BenchmarkResizeNFNT-16      78033728 ns/op
BenchmarkResizeDraw-16     371551918 ns/op

NFNT it is.

Can we go faster?

Progressive downscaling

Peering at the code of NFNT, it looks like it always computes the scaled image in a single interpolation pass over the source. I figured doing some progressive downscaling passes before that final interpolation could help.

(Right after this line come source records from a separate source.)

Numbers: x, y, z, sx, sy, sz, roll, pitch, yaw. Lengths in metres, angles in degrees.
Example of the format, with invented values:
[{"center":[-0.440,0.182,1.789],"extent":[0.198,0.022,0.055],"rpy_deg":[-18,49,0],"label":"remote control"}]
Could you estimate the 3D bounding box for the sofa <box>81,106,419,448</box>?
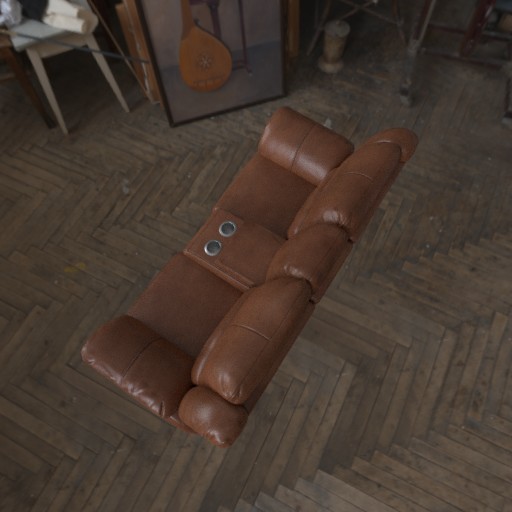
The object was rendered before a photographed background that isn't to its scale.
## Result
[{"center":[0.000,0.000,2.649],"extent":[0.991,1.043,2.058],"rpy_deg":[30,69,13],"label":"sofa"}]
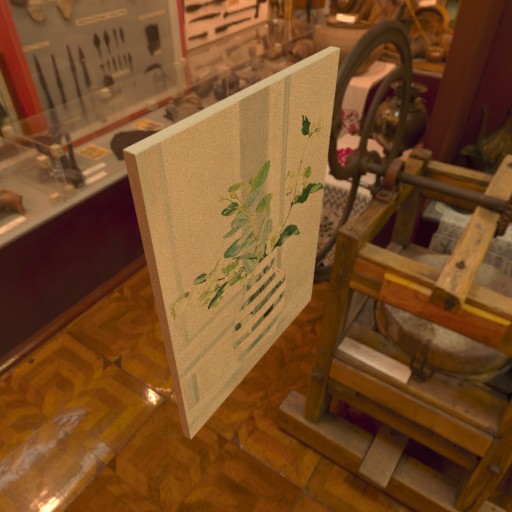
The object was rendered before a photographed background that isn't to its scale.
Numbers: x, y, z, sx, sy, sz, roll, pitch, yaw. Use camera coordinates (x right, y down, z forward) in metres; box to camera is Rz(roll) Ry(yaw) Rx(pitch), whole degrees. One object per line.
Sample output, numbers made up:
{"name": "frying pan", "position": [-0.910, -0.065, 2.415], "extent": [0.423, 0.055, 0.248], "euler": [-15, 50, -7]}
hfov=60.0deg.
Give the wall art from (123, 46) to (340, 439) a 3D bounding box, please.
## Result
{"name": "wall art", "position": [0.000, 0.000, 1.602], "extent": [0.038, 1.212, 0.914], "euler": [25, 47, 26]}
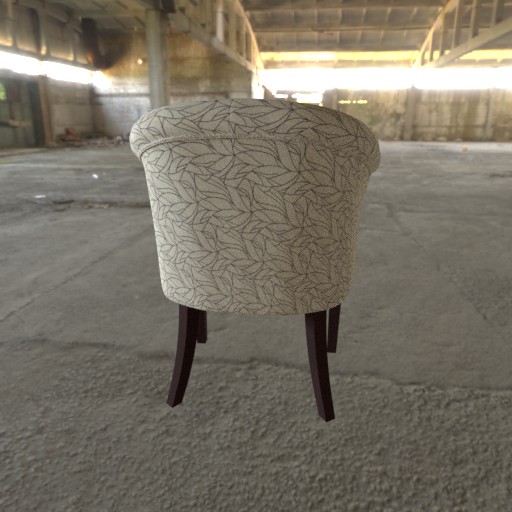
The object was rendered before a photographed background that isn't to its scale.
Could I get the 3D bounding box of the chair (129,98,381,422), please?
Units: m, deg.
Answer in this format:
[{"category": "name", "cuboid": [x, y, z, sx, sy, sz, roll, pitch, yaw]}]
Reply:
[{"category": "chair", "cuboid": [0.000, 0.000, 1.314, 0.686, 0.858, 0.613, 2, 17, 8]}]
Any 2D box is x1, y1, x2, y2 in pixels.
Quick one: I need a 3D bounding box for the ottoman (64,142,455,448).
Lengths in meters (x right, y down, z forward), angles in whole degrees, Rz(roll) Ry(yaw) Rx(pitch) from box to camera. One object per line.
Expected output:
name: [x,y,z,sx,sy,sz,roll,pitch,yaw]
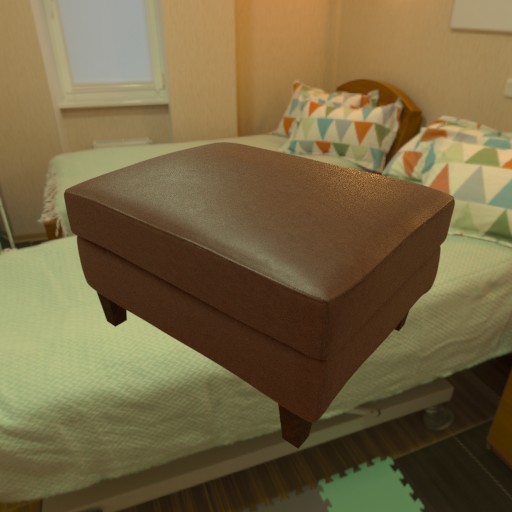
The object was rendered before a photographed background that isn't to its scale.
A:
ottoman: [0.000,0.000,1.256,0.851,0.485,0.650,22,36,33]
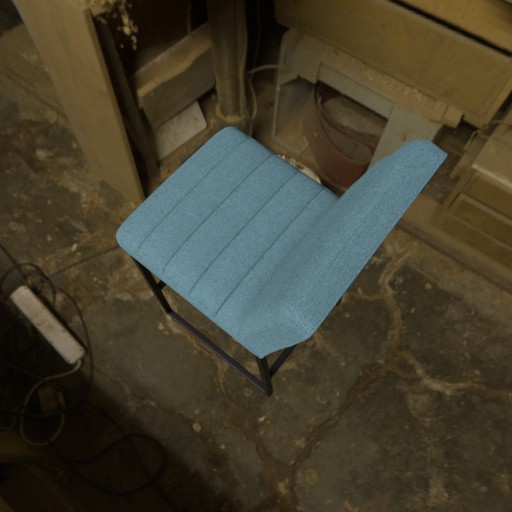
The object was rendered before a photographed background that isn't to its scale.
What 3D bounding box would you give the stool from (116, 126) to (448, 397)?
[{"bbox_3d":[0.000,0.000,1.223,0.560,0.940,0.460,36,70,15],"label":"stool"}]

The idea is simple. Take our 5824x4368 benchmark image. If you compute the 400x300 output in one interpolation pass, each output pixel represents a 14.56-pixel wide block of the input image. Oops, that’s not a whole number! Which is more or less why interpolation needs floating point arithmetic.

But halving an image is trivial: just average blocks of 2x2 pixels, pure integer math. So we can keep halving until the image is small enough, and only then do the expensive bilinear interpolation on what’s left.

// instead of:
5824x4368
 \--- bilinear interpolation --> 400x300

// do that:
5824x4368
 \--- halve --> 2912x2184
                 \--- halve --> 1456x1092
                                 \--- halve --> 728x546
                                                 \--- bilinear interpolation --> 400x300

Or, in terms of code:

func ResizeDownscaling(w, h uint, img image.Image) image.Image {
	for {
		size := img.Bounds().Size()
        if uint(size.X) <= 2*w || uint(size.Y) <= 2*h {
			return ResizeNFNT(w, h, img)
		}
		img = downscaleHalf(img)
	}
}

It looks like more steps, but each halving is so cheap that the total work ends up being less. The final interpolation pass now operates on a much smaller image, which is where the real savings come from. And as a bonus, averaging 2x2 blocks of bytes is the kind of operation that should be very amenable to vectorization… but let’s not get ahead of ourselves.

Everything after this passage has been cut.